§ What the task requires: Exact copies of all the records below should be returned.

§ Excerpted records:
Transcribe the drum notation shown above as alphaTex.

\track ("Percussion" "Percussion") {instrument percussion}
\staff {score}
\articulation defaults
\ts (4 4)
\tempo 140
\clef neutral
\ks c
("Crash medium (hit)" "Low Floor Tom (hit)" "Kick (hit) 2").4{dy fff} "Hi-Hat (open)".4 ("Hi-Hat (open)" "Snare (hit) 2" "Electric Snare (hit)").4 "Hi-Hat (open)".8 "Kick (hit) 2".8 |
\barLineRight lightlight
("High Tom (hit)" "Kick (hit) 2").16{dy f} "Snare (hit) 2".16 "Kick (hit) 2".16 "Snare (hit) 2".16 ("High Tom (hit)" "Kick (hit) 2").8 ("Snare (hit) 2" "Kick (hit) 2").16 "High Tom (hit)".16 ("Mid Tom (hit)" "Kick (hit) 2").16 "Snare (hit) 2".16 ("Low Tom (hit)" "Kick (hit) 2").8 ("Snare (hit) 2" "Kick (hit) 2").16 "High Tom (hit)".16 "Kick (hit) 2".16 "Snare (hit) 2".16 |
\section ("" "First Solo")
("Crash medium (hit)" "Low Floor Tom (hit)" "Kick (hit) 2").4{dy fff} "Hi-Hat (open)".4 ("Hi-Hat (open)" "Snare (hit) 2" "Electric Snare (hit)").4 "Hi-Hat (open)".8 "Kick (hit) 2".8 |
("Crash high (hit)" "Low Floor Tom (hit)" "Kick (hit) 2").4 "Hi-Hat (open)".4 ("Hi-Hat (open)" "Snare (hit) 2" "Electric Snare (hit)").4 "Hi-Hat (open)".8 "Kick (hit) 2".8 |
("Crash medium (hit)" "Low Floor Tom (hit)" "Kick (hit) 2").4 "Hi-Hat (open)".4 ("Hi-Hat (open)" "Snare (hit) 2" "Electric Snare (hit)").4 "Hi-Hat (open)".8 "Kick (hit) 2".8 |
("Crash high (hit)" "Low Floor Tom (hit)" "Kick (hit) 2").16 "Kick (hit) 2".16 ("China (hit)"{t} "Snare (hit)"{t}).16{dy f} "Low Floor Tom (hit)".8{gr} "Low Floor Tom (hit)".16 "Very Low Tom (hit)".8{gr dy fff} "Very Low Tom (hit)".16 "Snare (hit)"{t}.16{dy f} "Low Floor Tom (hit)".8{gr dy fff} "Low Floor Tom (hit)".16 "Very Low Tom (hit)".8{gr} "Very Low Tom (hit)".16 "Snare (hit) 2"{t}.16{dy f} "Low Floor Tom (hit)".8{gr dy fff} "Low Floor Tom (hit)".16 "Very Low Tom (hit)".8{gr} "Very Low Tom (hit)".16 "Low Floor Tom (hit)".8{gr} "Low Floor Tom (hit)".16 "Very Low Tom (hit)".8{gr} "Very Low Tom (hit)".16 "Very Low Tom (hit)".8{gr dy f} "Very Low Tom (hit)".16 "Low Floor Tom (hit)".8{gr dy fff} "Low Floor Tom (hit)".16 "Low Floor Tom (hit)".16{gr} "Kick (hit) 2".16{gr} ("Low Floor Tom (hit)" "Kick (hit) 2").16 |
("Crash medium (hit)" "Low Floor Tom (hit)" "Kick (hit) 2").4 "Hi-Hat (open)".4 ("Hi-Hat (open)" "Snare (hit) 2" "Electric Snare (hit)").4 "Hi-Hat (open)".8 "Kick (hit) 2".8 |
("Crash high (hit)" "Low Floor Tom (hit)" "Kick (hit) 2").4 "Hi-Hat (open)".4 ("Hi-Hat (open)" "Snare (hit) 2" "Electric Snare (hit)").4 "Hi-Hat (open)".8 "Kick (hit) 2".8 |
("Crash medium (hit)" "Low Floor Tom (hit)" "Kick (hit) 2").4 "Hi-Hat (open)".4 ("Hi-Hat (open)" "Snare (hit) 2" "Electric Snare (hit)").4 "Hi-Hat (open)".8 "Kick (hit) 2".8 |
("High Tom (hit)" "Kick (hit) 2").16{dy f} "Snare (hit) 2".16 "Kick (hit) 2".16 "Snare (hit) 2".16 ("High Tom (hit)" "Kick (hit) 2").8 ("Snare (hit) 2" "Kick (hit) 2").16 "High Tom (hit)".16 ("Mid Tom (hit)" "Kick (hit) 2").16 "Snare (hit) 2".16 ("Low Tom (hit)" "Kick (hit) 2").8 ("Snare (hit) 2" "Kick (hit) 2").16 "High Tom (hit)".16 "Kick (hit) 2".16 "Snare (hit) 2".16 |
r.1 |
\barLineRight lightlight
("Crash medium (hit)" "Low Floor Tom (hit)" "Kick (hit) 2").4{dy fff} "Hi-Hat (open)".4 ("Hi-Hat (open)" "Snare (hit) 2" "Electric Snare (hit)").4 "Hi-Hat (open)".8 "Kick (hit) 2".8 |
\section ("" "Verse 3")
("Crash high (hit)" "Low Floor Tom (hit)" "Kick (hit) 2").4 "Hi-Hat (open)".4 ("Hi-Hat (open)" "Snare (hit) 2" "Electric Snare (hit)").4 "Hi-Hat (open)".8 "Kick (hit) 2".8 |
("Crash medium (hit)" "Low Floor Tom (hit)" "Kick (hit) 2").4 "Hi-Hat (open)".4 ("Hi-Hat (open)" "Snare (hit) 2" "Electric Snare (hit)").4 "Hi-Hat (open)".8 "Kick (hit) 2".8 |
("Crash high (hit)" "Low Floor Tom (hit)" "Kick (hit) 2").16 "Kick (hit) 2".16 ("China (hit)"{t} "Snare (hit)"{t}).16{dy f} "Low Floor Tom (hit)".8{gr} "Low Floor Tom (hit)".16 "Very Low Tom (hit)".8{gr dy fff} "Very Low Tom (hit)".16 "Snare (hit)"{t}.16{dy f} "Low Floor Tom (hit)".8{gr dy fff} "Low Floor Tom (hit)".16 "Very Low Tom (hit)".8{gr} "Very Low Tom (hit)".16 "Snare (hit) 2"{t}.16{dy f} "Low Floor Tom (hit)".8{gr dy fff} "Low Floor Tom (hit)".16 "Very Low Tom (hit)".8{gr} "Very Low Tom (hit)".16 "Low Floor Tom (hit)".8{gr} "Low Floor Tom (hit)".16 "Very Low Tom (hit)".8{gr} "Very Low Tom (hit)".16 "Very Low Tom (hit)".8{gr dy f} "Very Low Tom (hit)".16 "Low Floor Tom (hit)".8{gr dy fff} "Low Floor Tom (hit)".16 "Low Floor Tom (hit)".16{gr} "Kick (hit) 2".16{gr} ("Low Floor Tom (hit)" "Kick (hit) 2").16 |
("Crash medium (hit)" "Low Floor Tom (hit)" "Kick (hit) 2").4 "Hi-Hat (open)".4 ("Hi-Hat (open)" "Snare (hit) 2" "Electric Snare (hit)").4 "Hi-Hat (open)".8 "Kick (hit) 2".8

§ Output for this exercise:
Transcribe the drum notation shown above as alphaTex.

\track ("Percussion" "Percussion") {instrument percussion}
\staff {score}
\articulation defaults
\ts (4 4)
\tempo 140
\clef neutral
\ks c
("Crash medium (hit)" "Low Floor Tom (hit)" "Kick (hit) 2").4{dy fff} "Hi-Hat (open)".4 ("Hi-Hat (open)" "Snare (hit) 2" "Electric Snare (hit)").4 "Hi-Hat (open)".8 "Kick (hit) 2".8 |
\barLineRight lightlight
("High Tom (hit)" "Kick (hit) 2").16{dy f} "Snare (hit) 2".16 "Kick (hit) 2".16 "Snare (hit) 2".16 ("High Tom (hit)" "Kick (hit) 2").8 ("Snare (hit) 2" "Kick (hit) 2").16 "High Tom (hit)".16 ("Mid Tom (hit)" "Kick (hit) 2").16 "Snare (hit) 2".16 ("Low Tom (hit)" "Kick (hit) 2").8 ("Snare (hit) 2" "Kick (hit) 2").16 "High Tom (hit)".16 "Kick (hit) 2".16 "Snare (hit) 2".16 |
\section ("" "First Solo")
("Crash medium (hit)" "Low Floor Tom (hit)" "Kick (hit) 2").4{dy fff} "Hi-Hat (open)".4 ("Hi-Hat (open)" "Snare (hit) 2" "Electric Snare (hit)").4 "Hi-Hat (open)".8 "Kick (hit) 2".8 |
("Crash high (hit)" "Low Floor Tom (hit)" "Kick (hit) 2").4 "Hi-Hat (open)".4 ("Hi-Hat (open)" "Snare (hit) 2" "Electric Snare (hit)").4 "Hi-Hat (open)".8 "Kick (hit) 2".8 |
("Crash medium (hit)" "Low Floor Tom (hit)" "Kick (hit) 2").4 "Hi-Hat (open)".4 ("Hi-Hat (open)" "Snare (hit) 2" "Electric Snare (hit)").4 "Hi-Hat (open)".8 "Kick (hit) 2".8 |
("Crash high (hit)" "Low Floor Tom (hit)" "Kick (hit) 2").16 "Kick (hit) 2".16 ("China (hit)"{t} "Snare (hit)"{t}).16{dy f} "Low Floor Tom (hit)".8{gr} "Low Floor Tom (hit)".16 "Very Low Tom (hit)".8{gr dy fff} "Very Low Tom (hit)".16 "Snare (hit)"{t}.16{dy f} "Low Floor Tom (hit)".8{gr dy fff} "Low Floor Tom (hit)".16 "Very Low Tom (hit)".8{gr} "Very Low Tom (hit)".16 "Snare (hit) 2"{t}.16{dy f} "Low Floor Tom (hit)".8{gr dy fff} "Low Floor Tom (hit)".16 "Very Low Tom (hit)".8{gr} "Very Low Tom (hit)".16 "Low Floor Tom (hit)".8{gr} "Low Floor Tom (hit)".16 "Very Low Tom (hit)".8{gr} "Very Low Tom (hit)".16 "Very Low Tom (hit)".8{gr dy f} "Very Low Tom (hit)".16 "Low Floor Tom (hit)".8{gr dy fff} "Low Floor Tom (hit)".16 "Low Floor Tom (hit)".16{gr} "Kick (hit) 2".16{gr} ("Low Floor Tom (hit)" "Kick (hit) 2").16 |
("Crash medium (hit)" "Low Floor Tom (hit)" "Kick (hit) 2").4 "Hi-Hat (open)".4 ("Hi-Hat (open)" "Snare (hit) 2" "Electric Snare (hit)").4 "Hi-Hat (open)".8 "Kick (hit) 2".8 |
("Crash high (hit)" "Low Floor Tom (hit)" "Kick (hit) 2").4 "Hi-Hat (open)".4 ("Hi-Hat (open)" "Snare (hit) 2" "Electric Snare (hit)").4 "Hi-Hat (open)".8 "Kick (hit) 2".8 |
("Crash medium (hit)" "Low Floor Tom (hit)" "Kick (hit) 2").4 "Hi-Hat (open)".4 ("Hi-Hat (open)" "Snare (hit) 2" "Electric Snare (hit)").4 "Hi-Hat (open)".8 "Kick (hit) 2".8 |
("High Tom (hit)" "Kick (hit) 2").16{dy f} "Snare (hit) 2".16 "Kick (hit) 2".16 "Snare (hit) 2".16 ("High Tom (hit)" "Kick (hit) 2").8 ("Snare (hit) 2" "Kick (hit) 2").16 "High Tom (hit)".16 ("Mid Tom (hit)" "Kick (hit) 2").16 "Snare (hit) 2".16 ("Low Tom (hit)" "Kick (hit) 2").8 ("Snare (hit) 2" "Kick (hit) 2").16 "High Tom (hit)".16 "Kick (hit) 2".16 "Snare (hit) 2".16 |
r.1 |
\barLineRight lightlight
("Crash medium (hit)" "Low Floor Tom (hit)" "Kick (hit) 2").4{dy fff} "Hi-Hat (open)".4 ("Hi-Hat (open)" "Snare (hit) 2" "Electric Snare (hit)").4 "Hi-Hat (open)".8 "Kick (hit) 2".8 |
\section ("" "Verse 3")
("Crash high (hit)" "Low Floor Tom (hit)" "Kick (hit) 2").4 "Hi-Hat (open)".4 ("Hi-Hat (open)" "Snare (hit) 2" "Electric Snare (hit)").4 "Hi-Hat (open)".8 "Kick (hit) 2".8 |
("Crash medium (hit)" "Low Floor Tom (hit)" "Kick (hit) 2").4 "Hi-Hat (open)".4 ("Hi-Hat (open)" "Snare (hit) 2" "Electric Snare (hit)").4 "Hi-Hat (open)".8 "Kick (hit) 2".8 |
("Crash high (hit)" "Low Floor Tom (hit)" "Kick (hit) 2").16 "Kick (hit) 2".16 ("China (hit)"{t} "Snare (hit)"{t}).16{dy f} "Low Floor Tom (hit)".8{gr} "Low Floor Tom (hit)".16 "Very Low Tom (hit)".8{gr dy fff} "Very Low Tom (hit)".16 "Snare (hit)"{t}.16{dy f} "Low Floor Tom (hit)".8{gr dy fff} "Low Floor Tom (hit)".16 "Very Low Tom (hit)".8{gr} "Very Low Tom (hit)".16 "Snare (hit) 2"{t}.16{dy f} "Low Floor Tom (hit)".8{gr dy fff} "Low Floor Tom (hit)".16 "Very Low Tom (hit)".8{gr} "Very Low Tom (hit)".16 "Low Floor Tom (hit)".8{gr} "Low Floor Tom (hit)".16 "Very Low Tom (hit)".8{gr} "Very Low Tom (hit)".16 "Very Low Tom (hit)".8{gr dy f} "Very Low Tom (hit)".16 "Low Floor Tom (hit)".8{gr dy fff} "Low Floor Tom (hit)".16 "Low Floor Tom (hit)".16{gr} "Kick (hit) 2".16{gr} ("Low Floor Tom (hit)" "Kick (hit) 2").16 |
("Crash medium (hit)" "Low Floor Tom (hit)" "Kick (hit) 2").4 "Hi-Hat (open)".4 ("Hi-Hat (open)" "Snare (hit) 2" "Electric Snare (hit)").4 "Hi-Hat (open)".8 "Kick (hit) 2".8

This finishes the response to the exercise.